Input records Start Marker
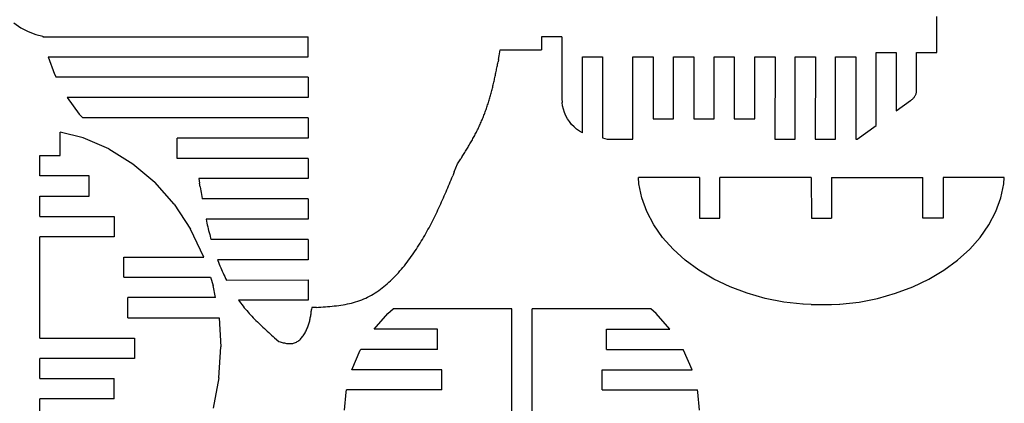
# Model space of a CAD drawing. Header units: inches. Extents: x -293 to 209, y -165 to 155.
# Tile 8 of 9: x 63 to 209, y -50 to 6. Entities that reach past the tile are written whole.
import ezdxf

# ---------------------------------------------------------------- set-up
doc = ezdxf.new("R2010")
doc.units = ezdxf.units.IN
doc.header["$MEASUREMENT"] = 0

msp = doc.modelspace()

# ---------------------------------------------------------------- linework, layer by layer
for p, q in [((62.51, 5.88), (63.55, 5.16)), ((198.99, 1.52), (198.99, 6.84)), ((63.55, 5.16), (64.63, 4.59)), ((64.63, 4.59), (65.75, 4.17)), ((65.75, 4.17), (66.77, 3.92)), ((66.77, 3.92), (66.78, 3.88)), ((66.78, 3.88), (66.79, 3.84)), ((66.79, 3.84), (106.05, 3.84)), ((106.05, 0.84), (106.05, 3.84)), ((140.55, 3.84), (140.55, 1.92)), ((143.55, 3.84), (140.55, 3.84)), ((143.55, 3.84), (143.55, -5.36)), ((134.26, 1.02), (134.43, 1.92)), ((134.43, 1.92), (140.55, 1.92)), ((190.01, 1.52), (193, 1.52)), ((190.01, -9.28), (190.01, 1.52)), ((193, 1.52), (193, -7.11)), ((196, 1.52), (198.99, 1.52)), ((196, -4.11), (196, 1.52)), ((67.59, 0.84), (68.53, -1.71)), ((67.59, 0.84), (106.05, 0.84)), ((134.07, -0.05), (134.1, 0.13)), ((134.17, 0.49), (134.1, 0.13)), ((134.17, 0.49), (134.26, 1.02)), ((146.57, 0.85), (149.56, 0.85)), ((146.59, -10.39), (146.57, 0.85)), ((149.56, 0.85), (149.56, -11.1)), ((154.05, 0.85), (157.05, 0.85)), ((154.05, -11.3), (154.05, 0.85)), ((157.05, 0.85), (157.05, -8.3)), ((160.05, 0.85), (163.04, 0.85)), ((160.05, -8.3), (160.05, 0.85)), ((163.04, 0.85), (163.04, -8.3)), ((166.04, 0.85), (169.04, 0.85)), ((166.04, -8.3), (166.04, 0.85)), ((169.04, 0.85), (169.04, -8.3)), ((172.08, 0.85), (175.07, 0.85)), ((172.08, -8.3), (172.08, 0.85)), ((175.07, 0.85), (175.05, -11.3)), ((178.05, 0.85), (181.04, 0.85)), ((178.05, -11.3), (178.05, 0.85)), ((181.04, 0.85), (181.02, -11.3)), ((184.01, 0.85), (187.01, 0.85)), ((184.01, -11.3), (184.01, 0.85)), ((187.01, 0.85), (186.99, -11.3)), ((133.79, -1.48), (133.82, -1.3)), ((133.82, -1.3), (133.86, -1.12)), ((133.86, -1.12), (133.89, -0.94)), ((133.89, -0.94), (133.93, -0.77)), ((133.93, -0.77), (133.96, -0.59)), ((133.96, -0.59), (134, -0.41)), ((134, -0.41), (134.03, -0.23)), ((134.03, -0.23), (134.07, -0.05)), ((68.53, -1.71), (68.77, -2.16)), ((106.05, -2.16), (68.77, -2.16)), ((106.05, -2.16), (106.05, -5.16)), ((133.44, -3.08), (133.48, -2.9)), ((133.48, -2.9), (133.52, -2.72)), ((133.52, -2.72), (133.56, -2.55)), ((133.56, -2.55), (133.6, -2.37)), ((133.6, -2.37), (133.64, -2.19)), ((133.64, -2.19), (133.68, -2.01)), ((133.68, -2.01), (133.71, -1.84)), ((133.71, -1.84), (133.75, -1.66)), ((133.75, -1.66), (133.79, -1.48)), ((133.08, -4.49), (133.13, -4.32)), ((133.13, -4.32), (133.18, -4.14)), ((133.18, -4.14), (133.22, -3.96)), ((133.22, -3.96), (133.27, -3.79)), ((133.27, -3.79), (133.31, -3.61)), ((133.31, -3.61), (133.35, -3.43)), ((133.35, -3.43), (133.4, -3.26)), ((133.4, -3.26), (133.44, -3.08)), ((195.97, -4.41), (195.98, -4.32)), ((195.98, -4.32), (195.99, -4.21)), ((195.99, -4.21), (196, -4.11)), ((70.41, -5.16), (72.17, -7.61)), ((106.05, -5.16), (70.41, -5.16)), ((132.68, -5.9), (132.73, -5.72)), ((132.73, -5.72), (132.78, -5.55)), ((132.78, -5.55), (132.84, -5.37)), ((132.84, -5.37), (132.89, -5.2)), ((132.89, -5.2), (132.94, -5.02)), ((132.94, -5.02), (132.99, -4.85)), ((132.99, -4.85), (133.04, -4.67)), ((133.04, -4.67), (133.08, -4.49)), ((143.55, -5.36), (143.57, -5.88)), ((193, -7.11), (195.09, -5.6)), ((195.09, -5.6), (195.19, -5.53)), ((195.19, -5.53), (195.29, -5.45)), ((195.29, -5.45), (195.38, -5.38)), ((195.38, -5.38), (195.47, -5.3)), ((195.47, -5.3), (195.55, -5.22)), ((195.55, -5.22), (195.62, -5.14)), ((195.62, -5.14), (195.68, -5.05)), ((195.68, -5.05), (195.74, -4.97)), ((195.74, -4.97), (195.8, -4.88)), ((195.8, -4.88), (195.84, -4.79)), ((195.84, -4.79), (195.88, -4.7)), ((195.88, -4.7), (195.92, -4.61)), ((195.92, -4.61), (195.95, -4.51)), ((195.95, -4.51), (195.97, -4.41)), ((132.15, -7.45), (132.21, -7.28)), ((132.21, -7.28), (132.27, -7.11)), ((132.27, -7.11), (132.33, -6.93)), ((132.33, -6.93), (132.39, -6.76)), ((132.39, -6.76), (132.45, -6.59)), ((132.45, -6.59), (132.51, -6.42)), ((132.51, -6.42), (132.57, -6.24)), ((132.57, -6.24), (132.62, -6.07)), ((132.62, -6.07), (132.68, -5.9)), ((143.64, -6.39), (143.57, -5.88)), ((143.76, -6.89), (143.64, -6.39)), ((143.92, -7.38), (143.76, -6.89)), ((72.17, -7.61), (72.7, -8.16)), ((106.05, -8.16), (72.7, -8.16)), ((106.05, -8.16), (106.05, -11.16)), ((131.61, -8.8), (131.68, -8.63)), ((131.68, -8.63), (131.75, -8.47)), ((131.75, -8.47), (131.82, -8.3)), ((131.82, -8.3), (131.89, -8.13)), ((131.89, -8.13), (131.95, -7.96)), ((131.95, -7.96), (132.02, -7.79)), ((132.02, -7.79), (132.08, -7.62)), ((132.08, -7.62), (132.15, -7.45)), ((144.12, -7.85), (143.92, -7.38)), ((144.37, -8.3), (144.12, -7.85)), ((144.65, -8.73), (144.37, -8.3)), ((144.98, -9.13), (144.65, -8.73)), ((157.05, -8.3), (160.05, -8.3)), ((163.04, -8.3), (166.04, -8.3)), ((169.04, -8.3), (172.08, -8.3)), ((130.91, -10.28), (130.99, -10.12)), ((130.99, -10.12), (131.07, -9.96)), ((131.07, -9.96), (131.15, -9.79)), ((131.15, -9.79), (131.23, -9.63)), ((131.23, -9.63), (131.31, -9.46)), ((131.31, -9.46), (131.38, -9.3)), ((131.38, -9.3), (131.46, -9.13)), ((131.46, -9.13), (131.53, -8.97)), ((131.53, -8.97), (131.61, -8.8)), ((145.34, -9.5), (144.98, -9.13)), ((145.73, -9.83), (145.34, -9.5)), ((146.15, -10.13), (145.73, -9.83)), ((146.59, -10.39), (146.15, -10.13)), ((187.22, -11.3), (190.01, -9.28)), ((72.74, -11.14), (69.35, -10.3)), ((69.35, -13.76), (69.35, -10.3)), ((76.53, -12.75), (72.74, -11.14)), ((86.64, -14.16), (86.64, -11.16)), ((106.05, -11.16), (86.64, -11.16)), ((130.13, -11.72), (130.22, -11.56)), ((130.22, -11.56), (130.31, -11.4)), ((130.31, -11.4), (130.4, -11.24)), ((130.4, -11.24), (130.49, -11.08)), ((130.49, -11.08), (130.57, -10.92)), ((130.57, -10.92), (130.66, -10.76)), ((130.66, -10.76), (130.74, -10.6)), ((130.74, -10.6), (130.83, -10.44)), ((130.83, -10.44), (130.91, -10.28)), ((149.56, -11.1), (150.22, -11.3)), ((150.22, -11.3), (154.05, -11.3)), ((175.05, -11.3), (178.05, -11.3)), ((181.02, -11.3), (184.01, -11.3)), ((186.99, -11.3), (187.22, -11.3)), ((76.53, -12.75), (80.09, -14.95)), ((129.29, -13.12), (129.38, -12.97)), ((129.38, -12.97), (129.48, -12.81)), ((129.48, -12.81), (129.57, -12.66)), ((129.57, -12.66), (129.67, -12.5)), ((129.67, -12.5), (129.76, -12.35)), ((129.76, -12.35), (129.85, -12.19)), ((129.85, -12.19), (129.95, -12.03)), ((129.95, -12.03), (130.04, -11.88)), ((130.04, -11.88), (130.13, -11.72)), ((66.35, -16.76), (66.35, -13.76)), ((66.35, -13.76), (69.35, -13.76)), ((106.05, -14.16), (86.64, -14.16)), ((106.05, -14.16), (106.05, -17.16)), ((128.12, -14.98), (128.61, -14.21)), ((128.8, -13.9), (128.61, -14.21)), ((128.8, -13.9), (128.9, -13.74)), ((128.9, -13.74), (129, -13.59)), ((129, -13.59), (129.1, -13.43)), ((129.1, -13.43), (129.19, -13.28)), ((129.19, -13.28), (129.29, -13.12)), ((80.09, -14.95), (83.33, -17.7)), ((127.64, -16.16), (128.12, -14.98)), ((73.65, -16.76), (66.35, -16.76)), ((73.65, -19.76), (73.65, -16.76)), ((106.05, -17.16), (89.85, -17.16)), ((89.85, -17.16), (89.95, -17.82)), ((127.03, -17.65), (127.15, -17.35)), ((127.15, -17.35), (127.27, -17.06)), ((127.27, -17.06), (127.4, -16.76)), ((127.64, -16.16), (127.4, -16.76)), ((154.94, -17.95), (154.88, -17.01)), ((163.92, -17.01), (154.88, -17.01)), ((163.92, -17.01), (163.92, -23.01)), ((180.42, -17.01), (166.92, -17.01)), ((166.92, -23.01), (166.92, -17.01)), ((180.42, -17.01), (180.44, -22.99)), ((183.42, -17.01), (183.41, -22.99)), ((183.42, -17.01), (196.92, -17.01)), ((196.92, -23.01), (196.92, -17.01)), ((199.92, -17.01), (199.92, -23.01)), ((208.97, -17.01), (199.92, -17.01)), ((208.9, -17.95), (208.97, -17.01)), ((86.19, -20.95), (83.33, -17.7)), ((90.04, -18.38), (89.95, -17.82)), ((90.04, -18.38), (90.09, -18.67)), ((90.09, -18.67), (90.14, -18.95)), ((126.41, -19.13), (126.53, -18.84)), ((126.53, -18.84), (126.66, -18.54)), ((126.66, -18.54), (126.78, -18.24)), ((126.78, -18.24), (126.91, -17.95)), ((126.91, -17.95), (127.03, -17.65)), ((155.39, -20.02), (154.94, -17.95)), ((208.46, -20.02), (208.9, -17.95)), ((66.35, -22.76), (66.35, -19.76)), ((66.35, -19.76), (73.65, -19.76)), ((90.14, -18.95), (90.18, -19.23)), ((90.18, -19.23), (90.23, -19.51)), ((90.23, -19.51), (90.28, -19.8)), ((90.28, -19.8), (90.33, -20.08)), ((90.33, -20.08), (90.34, -20.16)), ((106.05, -20.16), (90.34, -20.16)), ((106.05, -20.16), (106.05, -23.16)), ((125.76, -20.61), (125.89, -20.31)), ((125.89, -20.31), (126.02, -20.02)), ((126.02, -20.02), (126.15, -19.72)), ((126.15, -19.72), (126.28, -19.43)), ((126.28, -19.43), (126.41, -19.13)), ((156.13, -22.04), (155.39, -20.02)), ((207.72, -22.04), (208.46, -20.02)), ((86.19, -20.95), (88.61, -24.63)), ((125.08, -22.08), (125.22, -21.79)), ((125.22, -21.79), (125.36, -21.49)), ((125.36, -21.49), (125.49, -21.2)), ((125.49, -21.2), (125.63, -20.9)), ((125.63, -20.9), (125.76, -20.61)), ((66.35, -22.76), (77.35, -22.76)), ((77.35, -22.76), (77.35, -25.76)), ((106.05, -23.16), (90.92, -23.17)), ((90.92, -23.17), (90.99, -23.46)), ((124.36, -23.54), (124.51, -23.25)), ((124.51, -23.25), (124.65, -22.96)), ((124.65, -22.96), (124.8, -22.67)), ((124.8, -22.67), (124.94, -22.37)), ((124.94, -22.37), (125.08, -22.08)), ((157.15, -24), (156.13, -22.04)), ((163.92, -23.01), (166.92, -23.01)), ((180.44, -22.99), (183.41, -22.99)), ((199.92, -23.01), (196.92, -23.01)), ((206.7, -24), (207.72, -22.04)), ((90.59, -28.76), (88.61, -24.63)), ((90.99, -23.46), (91.05, -23.74)), ((91.05, -23.74), (91.11, -24.01)), ((91.11, -24.01), (91.18, -24.29)), ((91.18, -24.29), (91.24, -24.57)), ((91.24, -24.57), (91.31, -24.85)), ((123.58, -25), (123.74, -24.71)), ((123.74, -24.71), (123.9, -24.42)), ((123.9, -24.42), (124.05, -24.13)), ((124.05, -24.13), (124.21, -23.83)), ((124.21, -23.83), (124.36, -23.54)), ((158.44, -25.86), (157.15, -24)), ((205.4, -25.86), (206.7, -24)), ((66.35, -40.76), (66.35, -25.76)), ((77.35, -25.76), (66.35, -25.76)), ((91.31, -24.85), (91.38, -25.13)), ((91.38, -25.13), (91.46, -25.41)), ((91.46, -25.41), (91.53, -25.69)), ((91.53, -25.69), (91.6, -25.97)), ((91.6, -25.97), (91.66, -26.16)), ((106.05, -26.16), (91.66, -26.16)), ((106.05, -26.16), (106.05, -29.16)), ((122.75, -26.44), (122.92, -26.15)), ((122.92, -26.15), (123.09, -25.86)), ((123.09, -25.86), (123.26, -25.57)), ((123.26, -25.57), (123.42, -25.29)), ((123.42, -25.29), (123.58, -25)), ((160, -27.62), (158.44, -25.86)), ((203.85, -27.62), (205.4, -25.86)), ((121.84, -27.86), (122.03, -27.58)), ((122.03, -27.58), (122.21, -27.29)), ((122.21, -27.29), (122.39, -27.01)), ((122.39, -27.01), (122.57, -26.72)), ((122.57, -26.72), (122.75, -26.44)), ((161.79, -29.25), (160, -27.62)), ((202.06, -29.25), (203.85, -27.62)), ((78.75, -31.76), (78.75, -28.76)), ((78.75, -28.76), (90.59, -28.76)), ((120.87, -29.25), (121.07, -28.98)), ((121.07, -28.98), (121.27, -28.7)), ((121.27, -28.7), (121.46, -28.42)), ((121.46, -28.42), (121.65, -28.14)), ((121.65, -28.14), (121.84, -27.86)), ((92.63, -29.16), (92.67, -29.27)), ((106.05, -29.16), (92.63, -29.16)), ((92.67, -29.27), (92.77, -29.54)), ((92.77, -29.54), (92.88, -29.81)), ((92.88, -29.81), (92.98, -30.08)), ((92.98, -30.08), (93.09, -30.34)), ((93.09, -30.34), (93.21, -30.61)), ((119.82, -30.58), (120.03, -30.32)), ((120.03, -30.32), (120.25, -30.06)), ((120.25, -30.06), (120.46, -29.79)), ((120.46, -29.79), (120.66, -29.52)), ((120.66, -29.52), (120.87, -29.25)), ((163.8, -30.73), (161.79, -29.25)), ((200.04, -30.73), (202.06, -29.25)), ((78.75, -31.76), (91.57, -31.76)), ((91.57, -31.76), (91.97, -32.97)), ((93.21, -30.61), (93.32, -30.88)), ((93.32, -30.88), (93.44, -31.14)), ((93.44, -31.14), (93.56, -31.4)), ((93.56, -31.4), (93.68, -31.66)), ((93.68, -31.66), (93.81, -31.92)), ((93.81, -31.92), (93.94, -32.18)), ((118.45, -32.05), (118.69, -31.81)), ((118.69, -31.81), (118.92, -31.57)), ((118.92, -31.57), (119.15, -31.33)), ((119.15, -31.33), (119.38, -31.08)), ((119.38, -31.08), (119.6, -30.83)), ((119.6, -30.83), (119.82, -30.58)), ((166.02, -32.04), (163.8, -30.73)), ((197.83, -32.04), (200.04, -30.73)), ((92.31, -34.76), (91.97, -32.97)), ((93.94, -32.18), (106.05, -32.16)), ((106.05, -32.16), (106.05, -35.16)), ((116.72, -33.53), (116.98, -33.34)), ((116.98, -33.34), (117.23, -33.14)), ((117.23, -33.14), (117.48, -32.93)), ((117.48, -32.93), (117.73, -32.72)), ((117.73, -32.72), (117.97, -32.5)), ((117.97, -32.5), (118.22, -32.28)), ((118.22, -32.28), (118.45, -32.05)), ((168.41, -33.18), (166.02, -32.04)), ((170.95, -34.13), (168.41, -33.18)), ((192.9, -34.13), (195.44, -33.18)), ((195.44, -33.18), (197.83, -32.04)), ((92.31, -34.76), (79.35, -34.76)), ((79.35, -37.76), (79.35, -34.76)), ((114.24, -34.97), (114.53, -34.84)), ((114.53, -34.84), (114.82, -34.7)), ((114.82, -34.7), (115.1, -34.56)), ((115.1, -34.56), (115.38, -34.41)), ((115.38, -34.41), (115.65, -34.25)), ((115.65, -34.25), (115.92, -34.08)), ((115.92, -34.08), (116.19, -33.9)), ((116.19, -33.9), (116.46, -33.72)), ((116.46, -33.72), (116.72, -33.53)), ((173.61, -34.88), (170.95, -34.13)), ((176.36, -35.43), (173.61, -34.88)), ((187.49, -35.43), (190.24, -34.88)), ((190.24, -34.88), (192.9, -34.13)), ((95.71, -35.13), (95.73, -35.16)), ((95.73, -35.16), (95.88, -35.36)), ((106.05, -35.16), (95.73, -35.16)), ((95.88, -35.36), (96.05, -35.59)), ((96.05, -35.59), (96.22, -35.81)), ((96.22, -35.81), (96.4, -36.03)), ((96.4, -36.03), (96.58, -36.26)), ((96.58, -36.26), (96.76, -36.47)), ((106.57, -36.25), (106.53, -36.55)), ((107.24, -36.21), (106.57, -36.25)), ((107.24, -36.21), (107.57, -36.19)), ((107.57, -36.19), (107.91, -36.17)), ((107.91, -36.17), (108.24, -36.15)), ((108.24, -36.15), (108.57, -36.13)), ((108.57, -36.13), (108.9, -36.1)), ((108.9, -36.1), (109.23, -36.08)), ((109.23, -36.08), (109.56, -36.04)), ((109.56, -36.04), (109.89, -36.01)), ((109.89, -36.01), (110.22, -35.97)), ((110.22, -35.97), (110.54, -35.93)), ((110.54, -35.93), (110.86, -35.88)), ((110.86, -35.88), (111.18, -35.83)), ((111.18, -35.83), (111.5, -35.78)), ((111.5, -35.78), (111.82, -35.71)), ((111.82, -35.71), (112.13, -35.65)), ((112.13, -35.65), (112.44, -35.57)), ((112.44, -35.57), (112.75, -35.49)), ((112.75, -35.49), (113.05, -35.4)), ((113.05, -35.4), (113.36, -35.31)), ((113.36, -35.31), (113.66, -35.2)), ((113.66, -35.2), (113.95, -35.09)), ((113.95, -35.09), (114.24, -34.97)), ((179.18, -35.75), (176.36, -35.43)), ((179.25, -35.75), (179.18, -35.75)), ((180.42, -35.8), (179.25, -35.75)), ((180.42, -35.8), (183.42, -35.8)), ((183.42, -35.8), (184.59, -35.75)), ((184.59, -35.75), (184.67, -35.75)), ((184.67, -35.75), (187.49, -35.43)), ((79.35, -37.76), (92.85, -37.76)), ((92.85, -37.76), (93.12, -42.04)), ((96.76, -36.47), (96.95, -36.69)), ((96.95, -36.69), (97.13, -36.91)), ((97.13, -36.91), (97.32, -37.12)), ((97.32, -37.12), (97.52, -37.33)), ((97.52, -37.33), (97.71, -37.54)), ((97.71, -37.54), (97.91, -37.75)), ((97.91, -37.75), (98.11, -37.95)), ((106.31, -37.91), (106.34, -37.76)), ((106.34, -37.76), (106.37, -37.61)), ((106.37, -37.61), (106.4, -37.45)), ((106.4, -37.45), (106.42, -37.3)), ((106.42, -37.3), (106.45, -37.15)), ((106.45, -37.15), (106.47, -37)), ((106.47, -37), (106.49, -36.85)), ((106.49, -36.85), (106.51, -36.7)), ((106.51, -36.7), (106.53, -36.55)), ((115.78, -39.44), (117.8, -37.11)), ((117.8, -37.11), (118.58, -36.44)), ((136.15, -36.44), (118.58, -36.44)), ((136.15, -54.44), (136.15, -36.44)), ((139.15, -54.44), (139.15, -36.44)), ((156.71, -36.44), (139.15, -36.44)), ((157.49, -37.11), (156.71, -36.44)), ((159.51, -39.44), (157.49, -37.11)), ((98.11, -37.95), (98.31, -38.15)), ((98.31, -38.15), (98.51, -38.36)), ((98.51, -38.36), (98.72, -38.56)), ((98.72, -38.56), (98.93, -38.76)), ((98.93, -38.76), (99.13, -38.96)), ((99.13, -38.96), (99.34, -39.16)), ((99.34, -39.16), (99.55, -39.35)), ((105.85, -39.4), (105.92, -39.25)), ((105.92, -39.25), (105.97, -39.1)), ((105.97, -39.1), (106.03, -38.95)), ((106.03, -38.95), (106.08, -38.81)), ((106.08, -38.81), (106.12, -38.66)), ((106.12, -38.66), (106.17, -38.51)), ((106.17, -38.51), (106.21, -38.36)), ((106.21, -38.36), (106.25, -38.21)), ((106.25, -38.21), (106.28, -38.06)), ((106.28, -38.06), (106.31, -37.91)), ((66.35, -40.76), (80.35, -40.76)), ((80.35, -40.76), (80.35, -43.76)), ((99.55, -39.35), (99.77, -39.55)), ((99.77, -39.55), (99.98, -39.74)), ((99.98, -39.74), (100.19, -39.94)), ((100.19, -39.94), (100.41, -40.13)), ((100.41, -40.13), (100.62, -40.33)), ((100.62, -40.33), (100.84, -40.52)), ((100.84, -40.52), (101.05, -40.71)), ((101.05, -40.71), (101.7, -41.29)), ((104.99, -40.79), (105.1, -40.67)), ((105.1, -40.67), (105.2, -40.54)), ((105.2, -40.54), (105.3, -40.41)), ((105.3, -40.41), (105.39, -40.27)), ((105.39, -40.27), (105.48, -40.13)), ((105.48, -40.13), (105.56, -39.99)), ((105.56, -39.99), (105.64, -39.84)), ((105.64, -39.84), (105.72, -39.7)), ((105.72, -39.7), (105.79, -39.55)), ((105.79, -39.55), (105.85, -39.4)), ((125.15, -39.44), (115.78, -39.44)), ((125.15, -42.44), (125.15, -39.44)), ((150.15, -39.44), (159.51, -39.44)), ((150.15, -42.44), (150.15, -39.44)), ((92.83, -46.63), (93.12, -42.04)), ((101.7, -41.29), (101.87, -41.33)), ((101.87, -41.33), (102.03, -41.37)), ((102.03, -41.37), (102.19, -41.41)), ((102.19, -41.41), (102.35, -41.45)), ((102.35, -41.45), (102.51, -41.48)), ((102.51, -41.48), (102.67, -41.51)), ((102.67, -41.51), (102.83, -41.54)), ((102.83, -41.54), (102.99, -41.56)), ((102.99, -41.56), (103.14, -41.57)), ((103.14, -41.57), (103.29, -41.58)), ((103.29, -41.58), (103.44, -41.58)), ((103.44, -41.58), (103.59, -41.57)), ((103.59, -41.57), (103.74, -41.55)), ((103.74, -41.55), (103.88, -41.52)), ((103.88, -41.52), (104.02, -41.48)), ((104.02, -41.48), (104.15, -41.43)), ((104.15, -41.43), (104.28, -41.36)), ((104.28, -41.36), (104.41, -41.29)), ((104.41, -41.29), (104.54, -41.21)), ((104.54, -41.21), (104.66, -41.12)), ((104.66, -41.12), (104.77, -41.01)), ((104.77, -41.01), (104.89, -40.91)), ((104.89, -40.91), (104.99, -40.79)), ((112.5, -45.44), (113.74, -42.57)), ((113.74, -42.57), (113.82, -42.44)), ((125.15, -42.44), (113.82, -42.44)), ((150.15, -42.44), (161.47, -42.44)), ((161.55, -42.57), (161.47, -42.44)), ((162.79, -45.44), (161.55, -42.57)), ((66.35, -46.76), (66.35, -43.76)), ((80.35, -43.76), (66.35, -43.76)), ((125.8, -45.44), (112.5, -45.44)), ((125.8, -48.44), (125.8, -45.44)), ((149.49, -45.44), (162.79, -45.44)), ((149.49, -48.44), (149.49, -45.44)), ((66.35, -46.76), (77.35, -46.76)), ((77.35, -49.76), (77.35, -46.76)), ((92.83, -46.63), (91.97, -51.12)), ((111.41, -51.44), (111.63, -48.78)), ((111.63, -48.78), (111.71, -48.44)), ((125.8, -48.44), (111.71, -48.44)), ((149.49, -48.44), (163.58, -48.44)), ((163.66, -48.78), (163.58, -48.44)), ((163.88, -51.44), (163.66, -48.78)), ((77.35, -49.76), (66.35, -49.76)), ((66.35, -52.76), (66.35, -49.76))]:
    msp.add_line(p, q)

doc.saveas('drawing.dxf')
Input records End Marker
▶ Required work:
If a line above holds the word "drawing", copy it.

▶ Result of this exercise:
# Model space of a CAD drawing. Header units: inches. Extents: x -293 to 209, y -165 to 155.
doc.saveas('drawing.dxf')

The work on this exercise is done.